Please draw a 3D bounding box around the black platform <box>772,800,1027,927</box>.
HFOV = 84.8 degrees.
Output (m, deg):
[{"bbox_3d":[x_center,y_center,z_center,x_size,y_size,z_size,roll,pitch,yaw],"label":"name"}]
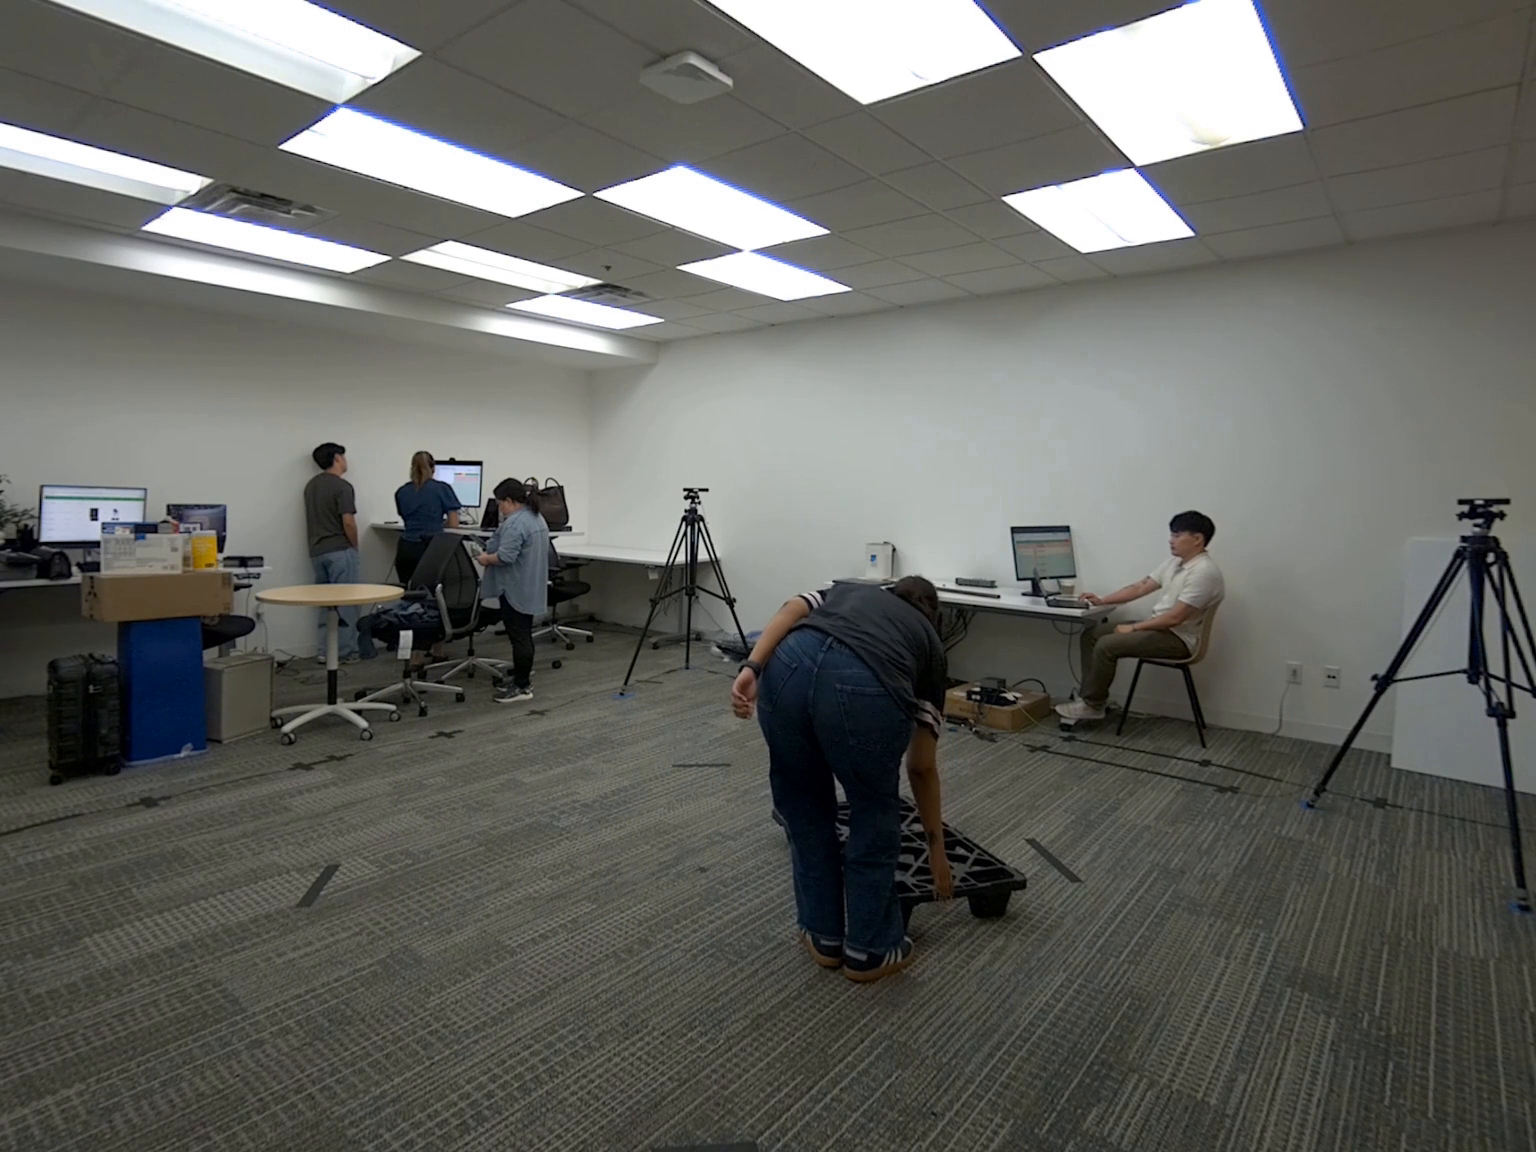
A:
[{"bbox_3d":[0.431,1.018,3.085,0.593,0.143,0.825,-1,6,-20],"label":"black platform"}]

= The problem =
Would you retype each line above exactly and skip every image?

= Output of the exercise =
Please draw a 3D bounding box around the black platform <box>772,800,1027,927</box>.
HFOV = 84.8 degrees.
Output (m, deg):
[{"bbox_3d":[x_center,y_center,z_center,x_size,y_size,z_size,roll,pitch,yaw],"label":"name"}]
A:
[{"bbox_3d":[0.431,1.018,3.085,0.593,0.143,0.825,-1,6,-20],"label":"black platform"}]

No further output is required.